╭─ Task inputs

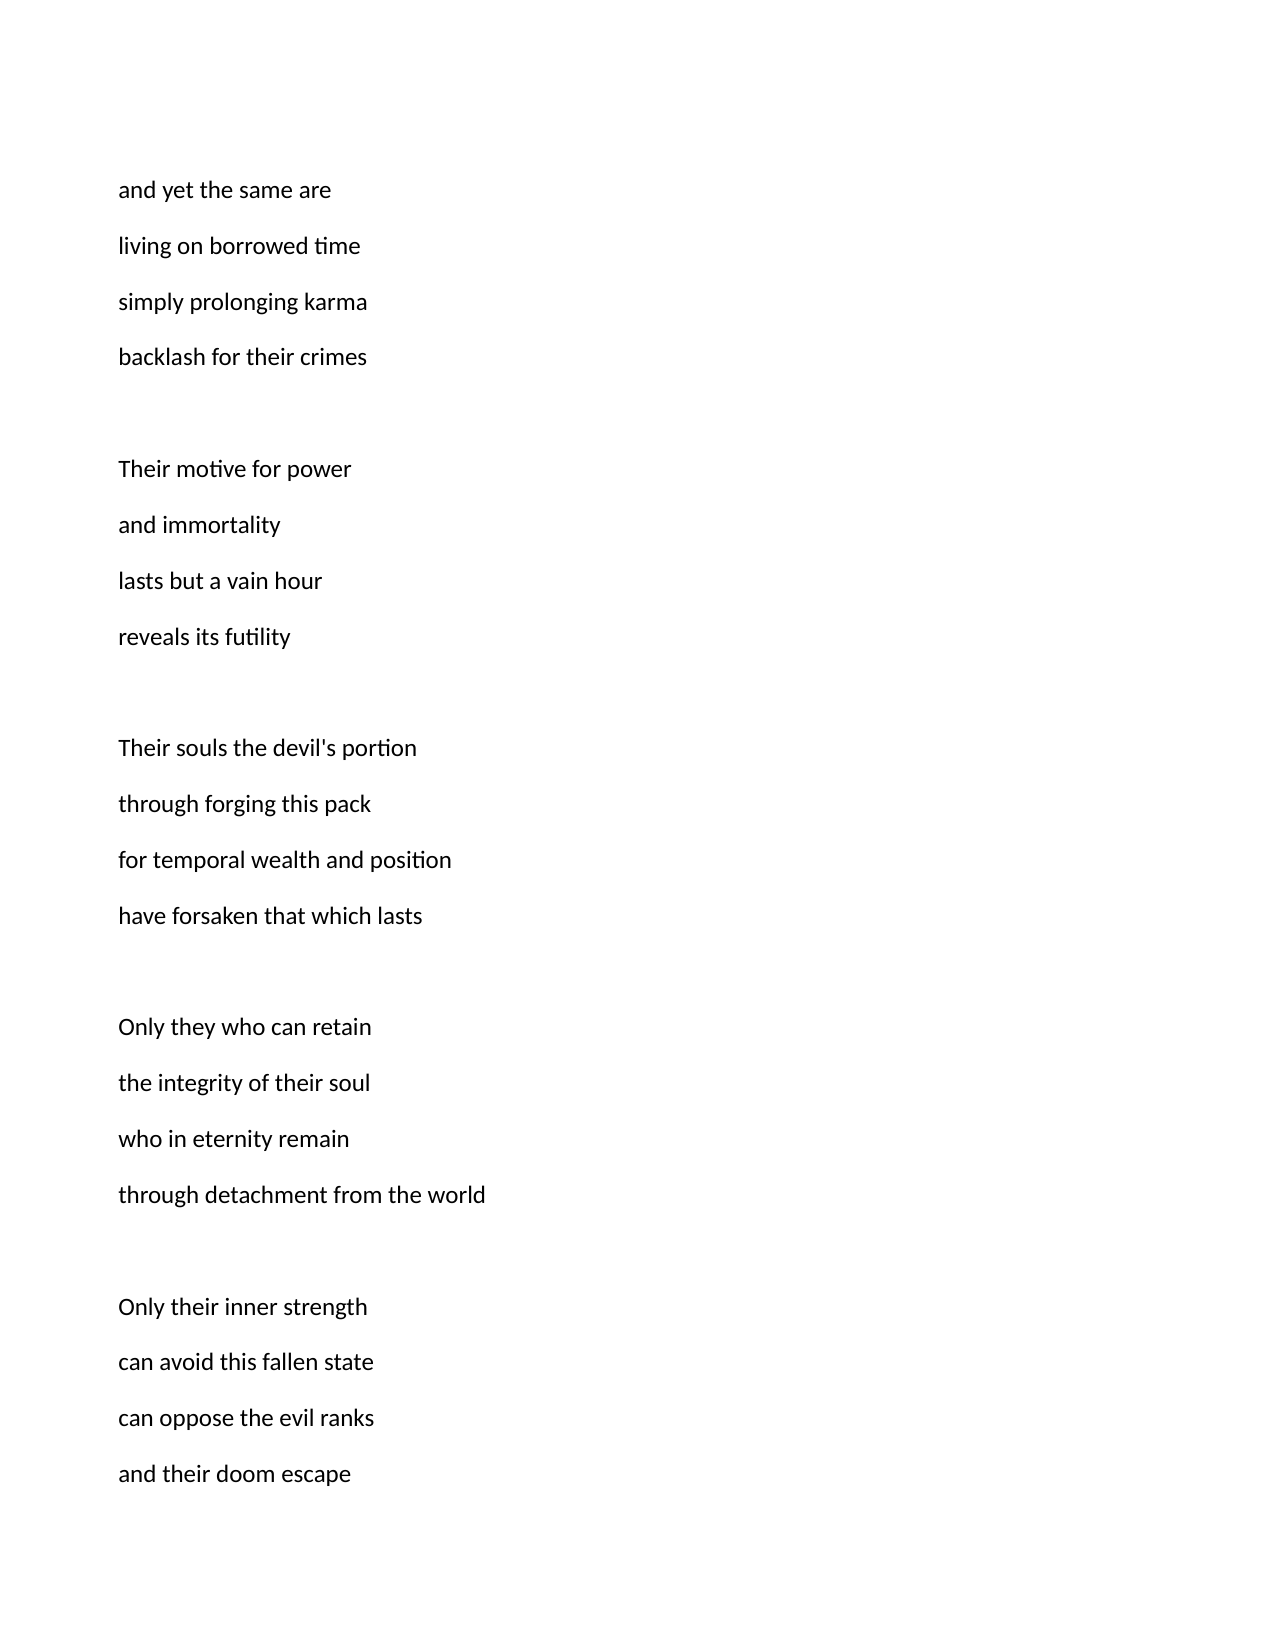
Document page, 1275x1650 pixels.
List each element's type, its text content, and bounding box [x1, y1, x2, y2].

text can oppose the evil ranks [118, 1402, 1157, 1433]
text can avoid this fallen state [118, 1346, 1157, 1377]
text simply prolonging karma [118, 286, 1157, 316]
text the integrity of their soul [118, 1067, 1157, 1098]
text and immortality [118, 509, 1157, 539]
text through detachment from the world [118, 1179, 1157, 1209]
text and their doom escape [118, 1458, 1157, 1489]
text Their motive for power [118, 453, 1157, 484]
text Only their inner strength [118, 1291, 1157, 1321]
text and yet the same are [118, 174, 1157, 204]
text have forsaken that which lasts [118, 900, 1157, 930]
text Only they who can retain [118, 1011, 1157, 1042]
text through forging this pack [118, 788, 1157, 819]
text who in eternity remain [118, 1123, 1157, 1154]
text for temporal wealth and position [118, 844, 1157, 874]
text Their souls the devil's portion [118, 732, 1157, 763]
text lasts but a vain hour [118, 565, 1157, 595]
text backlash for their crimes [118, 341, 1157, 372]
text living on borrowed time [118, 230, 1157, 260]
text reveals its futility [118, 621, 1157, 651]

╰─

Reproduce only those lines of the entries above that run from the line with "text have forsaken" to the final line.

• Expected answer:
text have forsaken that which lasts [118, 900, 1157, 930]
text Only they who can retain [118, 1011, 1157, 1042]
text through forging this pack [118, 788, 1157, 819]
text who in eternity remain [118, 1123, 1157, 1154]
text for temporal wealth and position [118, 844, 1157, 874]
text Their souls the devil's portion [118, 732, 1157, 763]
text lasts but a vain hour [118, 565, 1157, 595]
text backlash for their crimes [118, 341, 1157, 372]
text living on borrowed time [118, 230, 1157, 260]
text reveals its futility [118, 621, 1157, 651]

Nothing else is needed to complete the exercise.